At this point, you probably think this is a complainypants rant. It's not. I mention all of these things not to say Boomers never had a chance, but because it all affected Boomers' ability to save and invest, cheaply and tax-efficiently, during the first decade or so of their careers -- which is by far the most important decade in terms of future wealth given the power of compounding. If two people start investing in 1980, but one hits 65 and retires in 2010 and the other is a decade younger and retires in 2020, the one who retires in 2020 is going to have more than double his counterpart -- even if he didn't invest at all over the intervening decade -- simply because he could afford to let his money grow for another decade. The Boomers didn't have that extra decade.

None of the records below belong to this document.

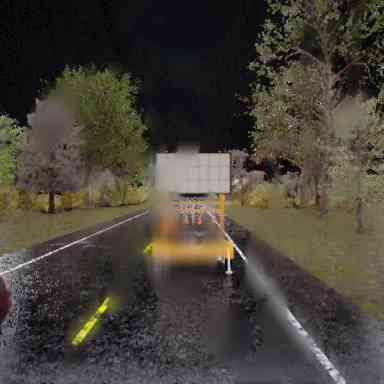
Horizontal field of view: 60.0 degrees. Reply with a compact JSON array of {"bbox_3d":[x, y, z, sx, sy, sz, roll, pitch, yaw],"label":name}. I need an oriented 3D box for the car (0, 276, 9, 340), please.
[{"bbox_3d":[-3.589,1.526,3.104,1.812,1.442,4.674,0,0,0],"label":"car"}]

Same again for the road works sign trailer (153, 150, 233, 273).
[{"bbox_3d":[0.040,0.467,10.645,2.380,3.560,2.880,0,0,0],"label":"road works sign trailer"}]

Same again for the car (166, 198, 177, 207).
[{"bbox_3d":[-3.318,1.616,53.304,2.033,1.411,5.357,0,0,0],"label":"car"}]

Not to mention that the younger guy had better, cheaper investment options. I mean, we all talk about the value of saving in a pretax 401(k) over a Roth, and a Roth over a taxable account, and investing in low-cost index funds vs. individual stocks, and the market over a bank account/CD, and so on. If a Boomer had say $2K to invest in 1975, it would most likely go into a CD, where it would sit and not compound. Or if he was sophisticated and wealthy enough to invest, he'd call his broker and pay about $600 to put the remaining $1400 into an individual stock, which might or might not survive the next couple of decades. Or if he had a mutual fund available, he'd pay another maybe 5-6% for the load, and then another 1-2% in management fees every year -- not to mention paying taxes on the gains every year. That's a lot different from someone who could put $2K into VTSAX in their 401(k), you know? So in the new world of 401(k)s, VTSAX, and disappearing pensions/medical insurance, Boomers started out behind the 8-ball just as a virtue of their bad-luck timing.

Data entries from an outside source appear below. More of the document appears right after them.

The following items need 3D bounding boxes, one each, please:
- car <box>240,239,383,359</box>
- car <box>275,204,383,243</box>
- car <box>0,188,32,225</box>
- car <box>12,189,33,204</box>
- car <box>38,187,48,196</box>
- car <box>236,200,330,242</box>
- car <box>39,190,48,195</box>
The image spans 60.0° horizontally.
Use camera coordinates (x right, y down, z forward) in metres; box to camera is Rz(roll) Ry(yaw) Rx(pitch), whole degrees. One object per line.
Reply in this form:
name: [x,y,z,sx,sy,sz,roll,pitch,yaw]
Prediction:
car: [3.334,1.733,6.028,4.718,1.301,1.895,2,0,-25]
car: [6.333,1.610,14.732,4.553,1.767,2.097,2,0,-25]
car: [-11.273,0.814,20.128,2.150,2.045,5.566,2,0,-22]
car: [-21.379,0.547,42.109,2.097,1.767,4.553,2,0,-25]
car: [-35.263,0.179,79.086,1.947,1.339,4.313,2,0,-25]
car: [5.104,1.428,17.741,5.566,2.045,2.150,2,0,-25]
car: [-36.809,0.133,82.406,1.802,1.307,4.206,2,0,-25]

Does this mean that Boomers were just screwed and could never succeed? Of course not. Boomers still had thirty years, including the longest bull market in history, to save and catch up. And those who figured out how to save and live frugally are generally perfectly comfortable now, barring some external event out of their control. But when you are talking about bankruptcy, you are talking about people at the edge here -- the people who didn't have the skills or ability or knowledge or mentality to adjust to the shifting economy; people who maybe got caught in layoffs or had to change/downgrade jobs because of the changes in the economy; people who were/are raised to be leery of the stock market; people who weren't raised with the same "you're on your own" expectations that I was raised with. So given the timing of this constellation of events, it does not surprise me that a higher percentage of Boomers managed to save too little, too late, and take on too much debt, than the generations before or after them. Which, in turn, means it is not surprising at all that more Boomers would be on the edge and would drop off into bankruptcy.